The records:
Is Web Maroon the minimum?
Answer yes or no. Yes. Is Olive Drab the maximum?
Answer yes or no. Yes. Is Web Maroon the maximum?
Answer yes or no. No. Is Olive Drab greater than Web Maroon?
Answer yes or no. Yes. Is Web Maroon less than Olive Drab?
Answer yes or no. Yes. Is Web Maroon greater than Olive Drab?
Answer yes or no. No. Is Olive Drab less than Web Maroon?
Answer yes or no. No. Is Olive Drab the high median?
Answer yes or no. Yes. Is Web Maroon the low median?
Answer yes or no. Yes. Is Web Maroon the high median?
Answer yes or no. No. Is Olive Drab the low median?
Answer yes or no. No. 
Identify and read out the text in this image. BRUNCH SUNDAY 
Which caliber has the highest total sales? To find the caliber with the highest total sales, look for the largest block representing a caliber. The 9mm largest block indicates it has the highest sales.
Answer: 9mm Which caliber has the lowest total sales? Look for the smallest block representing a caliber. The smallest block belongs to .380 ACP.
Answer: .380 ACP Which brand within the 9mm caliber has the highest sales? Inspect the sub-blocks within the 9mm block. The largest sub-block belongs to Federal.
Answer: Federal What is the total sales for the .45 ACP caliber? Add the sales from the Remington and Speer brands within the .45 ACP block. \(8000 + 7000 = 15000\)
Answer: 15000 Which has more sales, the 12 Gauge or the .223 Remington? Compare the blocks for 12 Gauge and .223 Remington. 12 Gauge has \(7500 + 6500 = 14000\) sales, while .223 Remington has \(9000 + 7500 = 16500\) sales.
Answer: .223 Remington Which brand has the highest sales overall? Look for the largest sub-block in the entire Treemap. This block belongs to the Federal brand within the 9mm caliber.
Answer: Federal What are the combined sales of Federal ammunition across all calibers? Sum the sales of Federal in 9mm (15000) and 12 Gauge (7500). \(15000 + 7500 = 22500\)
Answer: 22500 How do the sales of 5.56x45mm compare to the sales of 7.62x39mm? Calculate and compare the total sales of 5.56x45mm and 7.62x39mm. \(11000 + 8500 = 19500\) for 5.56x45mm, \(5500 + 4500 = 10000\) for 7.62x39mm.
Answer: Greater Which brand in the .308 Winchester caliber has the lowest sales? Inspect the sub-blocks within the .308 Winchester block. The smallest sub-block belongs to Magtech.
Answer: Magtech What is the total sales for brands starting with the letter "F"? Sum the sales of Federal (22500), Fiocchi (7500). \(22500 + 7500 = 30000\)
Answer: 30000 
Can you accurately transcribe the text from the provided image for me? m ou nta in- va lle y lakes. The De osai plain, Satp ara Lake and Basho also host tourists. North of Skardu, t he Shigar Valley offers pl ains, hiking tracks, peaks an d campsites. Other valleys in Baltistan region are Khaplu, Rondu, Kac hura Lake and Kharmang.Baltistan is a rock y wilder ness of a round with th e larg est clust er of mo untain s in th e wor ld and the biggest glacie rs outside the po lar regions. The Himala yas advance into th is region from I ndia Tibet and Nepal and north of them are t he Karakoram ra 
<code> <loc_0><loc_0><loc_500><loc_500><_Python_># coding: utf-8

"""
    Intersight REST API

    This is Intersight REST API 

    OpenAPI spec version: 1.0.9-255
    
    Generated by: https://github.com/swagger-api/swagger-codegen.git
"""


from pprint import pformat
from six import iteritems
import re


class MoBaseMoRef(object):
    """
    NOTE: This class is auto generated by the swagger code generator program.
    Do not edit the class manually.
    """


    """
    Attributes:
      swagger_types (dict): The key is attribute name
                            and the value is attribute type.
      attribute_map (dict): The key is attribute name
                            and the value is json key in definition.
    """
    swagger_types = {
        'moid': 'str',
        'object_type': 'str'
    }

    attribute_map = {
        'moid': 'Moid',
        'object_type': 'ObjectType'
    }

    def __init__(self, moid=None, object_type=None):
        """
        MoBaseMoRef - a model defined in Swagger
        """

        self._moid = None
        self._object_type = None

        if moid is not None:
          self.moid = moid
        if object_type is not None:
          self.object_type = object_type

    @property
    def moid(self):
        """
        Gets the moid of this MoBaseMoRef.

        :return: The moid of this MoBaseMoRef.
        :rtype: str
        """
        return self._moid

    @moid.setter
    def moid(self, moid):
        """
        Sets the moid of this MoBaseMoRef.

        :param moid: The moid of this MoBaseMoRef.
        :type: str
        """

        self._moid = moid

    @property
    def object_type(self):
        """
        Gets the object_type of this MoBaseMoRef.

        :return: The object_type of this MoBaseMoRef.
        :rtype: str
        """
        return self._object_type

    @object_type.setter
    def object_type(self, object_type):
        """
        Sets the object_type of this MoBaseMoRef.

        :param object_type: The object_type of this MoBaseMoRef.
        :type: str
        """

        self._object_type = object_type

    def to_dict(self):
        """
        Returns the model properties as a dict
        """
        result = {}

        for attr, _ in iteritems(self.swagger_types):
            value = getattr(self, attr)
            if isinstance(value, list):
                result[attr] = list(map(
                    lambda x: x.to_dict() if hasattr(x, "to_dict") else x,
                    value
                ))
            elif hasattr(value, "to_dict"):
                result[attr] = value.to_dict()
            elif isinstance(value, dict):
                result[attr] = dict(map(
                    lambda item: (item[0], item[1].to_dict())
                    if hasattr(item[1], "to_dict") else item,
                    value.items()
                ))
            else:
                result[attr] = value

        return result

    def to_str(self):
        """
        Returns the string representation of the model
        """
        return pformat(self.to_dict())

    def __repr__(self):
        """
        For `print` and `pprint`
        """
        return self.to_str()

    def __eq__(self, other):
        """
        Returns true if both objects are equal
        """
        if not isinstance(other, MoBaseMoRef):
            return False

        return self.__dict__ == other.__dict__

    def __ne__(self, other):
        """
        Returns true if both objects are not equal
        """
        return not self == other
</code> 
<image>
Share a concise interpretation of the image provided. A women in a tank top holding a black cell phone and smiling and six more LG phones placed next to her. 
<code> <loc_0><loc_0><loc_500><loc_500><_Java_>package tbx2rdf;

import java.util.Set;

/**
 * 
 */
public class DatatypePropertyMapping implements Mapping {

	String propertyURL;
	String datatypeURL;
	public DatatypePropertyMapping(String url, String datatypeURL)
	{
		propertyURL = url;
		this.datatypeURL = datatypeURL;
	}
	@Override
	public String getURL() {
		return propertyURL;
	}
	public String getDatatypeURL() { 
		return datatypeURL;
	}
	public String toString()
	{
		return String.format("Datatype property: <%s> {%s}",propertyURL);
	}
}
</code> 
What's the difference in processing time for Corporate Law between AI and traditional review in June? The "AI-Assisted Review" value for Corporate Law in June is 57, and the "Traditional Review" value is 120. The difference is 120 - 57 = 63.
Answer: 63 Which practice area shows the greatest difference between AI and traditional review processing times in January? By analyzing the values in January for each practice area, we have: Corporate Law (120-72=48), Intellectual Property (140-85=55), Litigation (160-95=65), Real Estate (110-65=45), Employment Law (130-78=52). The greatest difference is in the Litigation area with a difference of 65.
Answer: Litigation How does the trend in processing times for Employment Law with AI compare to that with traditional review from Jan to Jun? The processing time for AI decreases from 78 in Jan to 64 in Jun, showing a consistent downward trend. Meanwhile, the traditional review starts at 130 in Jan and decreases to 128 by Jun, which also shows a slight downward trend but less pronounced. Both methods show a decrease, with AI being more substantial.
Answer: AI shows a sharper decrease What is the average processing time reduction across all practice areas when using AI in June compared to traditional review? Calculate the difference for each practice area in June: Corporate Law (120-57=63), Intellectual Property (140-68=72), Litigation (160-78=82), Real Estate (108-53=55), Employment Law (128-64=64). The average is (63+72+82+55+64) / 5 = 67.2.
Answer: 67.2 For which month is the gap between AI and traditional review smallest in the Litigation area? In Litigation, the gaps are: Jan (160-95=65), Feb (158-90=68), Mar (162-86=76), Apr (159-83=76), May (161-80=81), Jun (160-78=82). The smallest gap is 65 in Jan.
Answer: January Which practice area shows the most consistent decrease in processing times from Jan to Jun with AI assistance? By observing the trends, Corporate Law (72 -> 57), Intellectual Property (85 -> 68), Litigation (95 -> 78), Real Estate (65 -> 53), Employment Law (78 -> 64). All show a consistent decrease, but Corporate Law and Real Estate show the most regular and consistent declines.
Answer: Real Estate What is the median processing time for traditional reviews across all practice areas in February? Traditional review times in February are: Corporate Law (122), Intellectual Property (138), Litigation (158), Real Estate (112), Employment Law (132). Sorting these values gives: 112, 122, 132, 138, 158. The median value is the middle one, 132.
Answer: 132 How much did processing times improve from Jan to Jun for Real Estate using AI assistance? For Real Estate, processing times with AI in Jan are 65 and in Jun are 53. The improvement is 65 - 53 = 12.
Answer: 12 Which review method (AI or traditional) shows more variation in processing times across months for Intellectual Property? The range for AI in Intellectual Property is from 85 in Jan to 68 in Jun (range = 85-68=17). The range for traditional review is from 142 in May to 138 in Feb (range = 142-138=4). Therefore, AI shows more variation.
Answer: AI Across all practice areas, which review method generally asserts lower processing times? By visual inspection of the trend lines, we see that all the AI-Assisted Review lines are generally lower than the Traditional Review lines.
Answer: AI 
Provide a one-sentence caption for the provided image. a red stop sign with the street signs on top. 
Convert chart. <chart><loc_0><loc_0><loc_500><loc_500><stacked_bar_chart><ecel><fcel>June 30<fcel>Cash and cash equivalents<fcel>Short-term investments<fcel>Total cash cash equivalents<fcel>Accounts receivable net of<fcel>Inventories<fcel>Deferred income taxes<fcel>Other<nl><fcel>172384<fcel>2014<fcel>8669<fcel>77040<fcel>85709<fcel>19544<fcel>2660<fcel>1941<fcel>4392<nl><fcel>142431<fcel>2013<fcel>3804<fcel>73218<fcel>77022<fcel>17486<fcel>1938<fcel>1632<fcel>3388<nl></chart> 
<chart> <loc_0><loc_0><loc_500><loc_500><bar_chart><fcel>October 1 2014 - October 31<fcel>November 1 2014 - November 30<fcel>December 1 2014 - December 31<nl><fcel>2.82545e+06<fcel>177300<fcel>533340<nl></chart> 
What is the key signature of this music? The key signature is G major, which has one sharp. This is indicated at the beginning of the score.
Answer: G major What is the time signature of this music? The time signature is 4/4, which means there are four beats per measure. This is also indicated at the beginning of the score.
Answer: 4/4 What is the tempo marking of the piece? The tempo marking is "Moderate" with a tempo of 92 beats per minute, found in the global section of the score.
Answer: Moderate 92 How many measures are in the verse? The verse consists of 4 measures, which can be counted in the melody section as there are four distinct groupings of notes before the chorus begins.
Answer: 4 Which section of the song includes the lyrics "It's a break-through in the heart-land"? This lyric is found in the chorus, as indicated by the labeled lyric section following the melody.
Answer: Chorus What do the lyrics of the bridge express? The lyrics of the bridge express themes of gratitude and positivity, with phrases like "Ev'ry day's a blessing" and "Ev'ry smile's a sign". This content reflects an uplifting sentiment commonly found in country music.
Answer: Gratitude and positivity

Brief:
Please give back only the lines between the first line of the entries and the line with "Answer yes or no. No. Is Olive Drab the high", both ends included, word for word.

Exercise result:
Is Web Maroon the minimum?
Answer yes or no. Yes. Is Olive Drab the maximum?
Answer yes or no. Yes. Is Web Maroon the maximum?
Answer yes or no. No. Is Olive Drab greater than Web Maroon?
Answer yes or no. Yes. Is Web Maroon less than Olive Drab?
Answer yes or no. Yes. Is Web Maroon greater than Olive Drab?
Answer yes or no. No. Is Olive Drab less than Web Maroon?
Answer yes or no. No. Is Olive Drab the high median?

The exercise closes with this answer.